English children's writer Alison Uttley in her story "The Country Child" (1931) of family life on an English farm from the perspective of a 9-year-old farmer's daughter Susan describes cowslips among the favourite flowers of her heroine and mentions her participation in preparing them for making cowslip wine, a locally important process. After its initial preparation, cowslip wine "would change to sparkling yellow wine" offered in "little fluted glasses" with a biscuit to important "morning visitors" of the farm: such as the curate coming for subscriptions, the local squire (landowner) and an occasional dealer (of their produce). This wine "was more precious than elderberry wine, which was the drink for cold weather, for snow and sleet".
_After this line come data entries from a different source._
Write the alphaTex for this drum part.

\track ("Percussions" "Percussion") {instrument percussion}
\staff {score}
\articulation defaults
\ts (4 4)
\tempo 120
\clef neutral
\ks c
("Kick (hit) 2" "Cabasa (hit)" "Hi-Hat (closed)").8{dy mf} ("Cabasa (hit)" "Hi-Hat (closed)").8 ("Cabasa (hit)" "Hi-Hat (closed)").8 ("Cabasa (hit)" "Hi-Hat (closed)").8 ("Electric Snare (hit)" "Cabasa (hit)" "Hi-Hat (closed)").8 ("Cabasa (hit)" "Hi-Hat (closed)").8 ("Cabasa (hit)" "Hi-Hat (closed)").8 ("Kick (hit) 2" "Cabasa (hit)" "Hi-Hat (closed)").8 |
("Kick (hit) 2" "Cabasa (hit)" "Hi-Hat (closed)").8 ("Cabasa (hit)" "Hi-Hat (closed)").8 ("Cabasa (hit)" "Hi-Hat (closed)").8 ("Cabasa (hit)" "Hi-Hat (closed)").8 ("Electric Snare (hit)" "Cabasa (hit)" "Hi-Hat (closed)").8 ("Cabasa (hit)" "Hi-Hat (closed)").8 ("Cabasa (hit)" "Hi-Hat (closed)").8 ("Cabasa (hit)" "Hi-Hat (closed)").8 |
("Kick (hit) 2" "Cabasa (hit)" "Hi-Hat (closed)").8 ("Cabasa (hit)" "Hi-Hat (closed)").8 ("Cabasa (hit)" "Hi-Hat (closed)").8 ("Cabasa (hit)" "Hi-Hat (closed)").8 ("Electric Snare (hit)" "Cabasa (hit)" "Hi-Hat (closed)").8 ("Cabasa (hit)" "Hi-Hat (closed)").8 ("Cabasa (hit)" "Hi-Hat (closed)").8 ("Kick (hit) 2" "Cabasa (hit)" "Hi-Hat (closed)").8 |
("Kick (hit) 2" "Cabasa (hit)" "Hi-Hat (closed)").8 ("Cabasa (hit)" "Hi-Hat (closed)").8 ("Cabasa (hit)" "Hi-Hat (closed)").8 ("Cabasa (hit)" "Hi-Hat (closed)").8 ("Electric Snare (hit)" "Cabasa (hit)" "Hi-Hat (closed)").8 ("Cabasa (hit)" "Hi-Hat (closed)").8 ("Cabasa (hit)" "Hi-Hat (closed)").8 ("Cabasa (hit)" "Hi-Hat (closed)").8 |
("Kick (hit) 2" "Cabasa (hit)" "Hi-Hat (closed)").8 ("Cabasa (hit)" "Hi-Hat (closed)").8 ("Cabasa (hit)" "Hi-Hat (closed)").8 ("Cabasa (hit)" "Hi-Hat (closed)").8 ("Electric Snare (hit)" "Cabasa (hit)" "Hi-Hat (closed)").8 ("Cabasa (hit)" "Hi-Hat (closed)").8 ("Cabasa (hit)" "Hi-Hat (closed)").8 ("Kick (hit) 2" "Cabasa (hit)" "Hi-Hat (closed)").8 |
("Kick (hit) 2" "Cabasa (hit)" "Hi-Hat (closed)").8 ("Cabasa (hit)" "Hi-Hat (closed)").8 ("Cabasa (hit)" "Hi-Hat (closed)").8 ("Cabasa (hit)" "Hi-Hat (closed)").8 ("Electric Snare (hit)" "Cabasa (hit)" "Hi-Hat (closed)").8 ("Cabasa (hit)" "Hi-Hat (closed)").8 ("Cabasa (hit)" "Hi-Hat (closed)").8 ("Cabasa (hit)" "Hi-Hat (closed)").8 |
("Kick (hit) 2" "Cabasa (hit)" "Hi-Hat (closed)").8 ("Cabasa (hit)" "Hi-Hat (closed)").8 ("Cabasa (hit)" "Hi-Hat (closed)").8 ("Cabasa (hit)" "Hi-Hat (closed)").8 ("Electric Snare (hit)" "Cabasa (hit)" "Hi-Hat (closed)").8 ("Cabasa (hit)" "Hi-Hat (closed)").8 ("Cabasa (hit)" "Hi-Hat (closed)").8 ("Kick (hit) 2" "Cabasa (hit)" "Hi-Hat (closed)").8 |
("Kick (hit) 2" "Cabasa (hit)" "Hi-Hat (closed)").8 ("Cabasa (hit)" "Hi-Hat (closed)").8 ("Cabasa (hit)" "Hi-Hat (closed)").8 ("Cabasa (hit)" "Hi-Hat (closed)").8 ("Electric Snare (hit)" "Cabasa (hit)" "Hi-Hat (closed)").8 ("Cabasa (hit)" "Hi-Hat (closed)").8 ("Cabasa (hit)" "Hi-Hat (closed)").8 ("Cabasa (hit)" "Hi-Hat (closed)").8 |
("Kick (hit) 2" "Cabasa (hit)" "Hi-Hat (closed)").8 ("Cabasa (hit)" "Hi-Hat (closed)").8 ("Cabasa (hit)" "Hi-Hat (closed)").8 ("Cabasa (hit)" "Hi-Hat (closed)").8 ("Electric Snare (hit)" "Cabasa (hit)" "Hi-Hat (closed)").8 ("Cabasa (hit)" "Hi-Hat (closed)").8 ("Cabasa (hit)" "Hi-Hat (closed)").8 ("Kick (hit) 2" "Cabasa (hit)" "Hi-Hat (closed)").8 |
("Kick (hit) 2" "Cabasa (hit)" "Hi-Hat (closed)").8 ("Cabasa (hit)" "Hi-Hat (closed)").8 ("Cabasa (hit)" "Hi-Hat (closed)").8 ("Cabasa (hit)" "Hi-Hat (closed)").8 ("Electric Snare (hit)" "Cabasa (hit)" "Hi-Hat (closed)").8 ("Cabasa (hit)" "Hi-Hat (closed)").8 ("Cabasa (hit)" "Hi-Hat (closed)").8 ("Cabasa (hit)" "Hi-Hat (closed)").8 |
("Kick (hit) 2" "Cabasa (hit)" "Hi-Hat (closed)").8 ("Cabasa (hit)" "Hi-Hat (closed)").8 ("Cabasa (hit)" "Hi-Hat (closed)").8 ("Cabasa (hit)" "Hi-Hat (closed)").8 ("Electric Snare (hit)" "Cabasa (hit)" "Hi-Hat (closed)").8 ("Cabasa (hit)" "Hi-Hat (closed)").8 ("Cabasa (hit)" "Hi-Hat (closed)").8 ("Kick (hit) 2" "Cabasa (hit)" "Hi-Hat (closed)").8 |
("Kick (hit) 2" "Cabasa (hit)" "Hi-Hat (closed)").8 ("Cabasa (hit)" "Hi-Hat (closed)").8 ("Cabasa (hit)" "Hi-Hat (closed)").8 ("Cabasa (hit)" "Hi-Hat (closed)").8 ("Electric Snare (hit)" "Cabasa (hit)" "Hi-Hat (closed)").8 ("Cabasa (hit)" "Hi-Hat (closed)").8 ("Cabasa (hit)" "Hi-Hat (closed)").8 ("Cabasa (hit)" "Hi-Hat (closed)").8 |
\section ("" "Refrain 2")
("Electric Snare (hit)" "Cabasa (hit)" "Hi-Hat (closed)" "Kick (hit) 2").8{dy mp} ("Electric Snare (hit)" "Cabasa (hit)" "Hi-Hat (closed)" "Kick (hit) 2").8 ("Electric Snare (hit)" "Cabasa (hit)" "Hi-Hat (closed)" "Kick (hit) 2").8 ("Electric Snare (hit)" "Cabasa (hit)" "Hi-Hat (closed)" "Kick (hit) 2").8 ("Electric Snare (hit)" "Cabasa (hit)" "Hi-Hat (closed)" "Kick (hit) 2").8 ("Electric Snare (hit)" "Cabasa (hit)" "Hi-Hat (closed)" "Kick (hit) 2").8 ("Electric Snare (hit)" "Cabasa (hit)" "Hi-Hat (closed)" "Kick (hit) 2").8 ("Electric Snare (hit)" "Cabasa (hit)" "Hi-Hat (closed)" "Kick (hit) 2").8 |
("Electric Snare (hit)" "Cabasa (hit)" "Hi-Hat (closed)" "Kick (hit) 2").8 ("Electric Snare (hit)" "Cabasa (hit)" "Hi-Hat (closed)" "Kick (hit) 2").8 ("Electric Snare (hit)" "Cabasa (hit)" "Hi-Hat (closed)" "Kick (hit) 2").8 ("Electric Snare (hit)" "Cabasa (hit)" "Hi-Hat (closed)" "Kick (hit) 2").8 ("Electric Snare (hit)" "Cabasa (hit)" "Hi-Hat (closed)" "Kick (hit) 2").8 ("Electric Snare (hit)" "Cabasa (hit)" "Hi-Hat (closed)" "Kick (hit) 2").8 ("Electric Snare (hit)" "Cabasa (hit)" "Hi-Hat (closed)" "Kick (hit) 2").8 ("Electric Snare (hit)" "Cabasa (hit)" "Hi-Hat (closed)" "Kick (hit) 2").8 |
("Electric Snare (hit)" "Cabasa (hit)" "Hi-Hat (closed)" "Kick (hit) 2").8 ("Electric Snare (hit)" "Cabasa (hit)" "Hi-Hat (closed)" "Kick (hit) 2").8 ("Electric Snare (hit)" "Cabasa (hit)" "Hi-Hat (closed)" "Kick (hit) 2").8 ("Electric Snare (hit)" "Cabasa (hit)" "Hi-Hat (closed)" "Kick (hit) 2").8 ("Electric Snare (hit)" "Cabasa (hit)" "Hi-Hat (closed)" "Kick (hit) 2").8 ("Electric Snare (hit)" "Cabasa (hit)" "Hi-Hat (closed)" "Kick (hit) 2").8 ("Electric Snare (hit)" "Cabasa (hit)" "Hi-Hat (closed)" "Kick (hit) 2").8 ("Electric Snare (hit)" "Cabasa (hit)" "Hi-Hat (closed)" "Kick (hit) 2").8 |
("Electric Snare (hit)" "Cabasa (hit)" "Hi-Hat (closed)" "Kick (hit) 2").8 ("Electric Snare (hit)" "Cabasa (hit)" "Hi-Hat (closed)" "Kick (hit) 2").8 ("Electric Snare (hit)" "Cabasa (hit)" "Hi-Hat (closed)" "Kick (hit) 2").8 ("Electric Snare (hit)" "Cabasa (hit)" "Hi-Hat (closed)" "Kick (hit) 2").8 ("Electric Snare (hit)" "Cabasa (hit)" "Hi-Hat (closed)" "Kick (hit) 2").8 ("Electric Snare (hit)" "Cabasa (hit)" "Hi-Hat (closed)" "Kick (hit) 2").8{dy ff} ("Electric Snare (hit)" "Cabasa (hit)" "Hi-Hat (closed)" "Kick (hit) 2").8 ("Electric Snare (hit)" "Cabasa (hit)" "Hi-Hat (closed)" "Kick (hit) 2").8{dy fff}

 In the midland and southern counties of England, a sweet and pleasant wine resembling the muscadel is made from the cowslip flower, and it is one of the most wholesome and pleasant of home-made wines, and slightly narcotic in its effects. In times when English wines were more used, every housewife in Warwickshire could produce her clear cowslip wine…the cowslip is still sold in many markets for this purpose, and little cottage girls still ramble the meadows during April and May in search of it…country people use it as a salad or boil it for the table.

Anne Pratt

==Myth and folklore==
This herb was already mentioned by Pliny the Elder for its early blooming attributes. Species from the genus Primula along with other ritual plants played a significant role in the pharmacy and mythology of the Celtic druids, likely as an ingredient of magical potions to increase the absorption of other herbal constituents. In the Middle-Ages it was also known as St. Peter's herb or Petrella and was sought after by Florentine apothecaries. Hildegard von Bingen recommended the medicinal parts only for topical use but the leaves were also consumed as food. Other common names at the time were 'Herba paralysis', 'Verbascum', primrose, or mullein leaves. It was frequently misidentified as or confused with similar species from the genus Primula.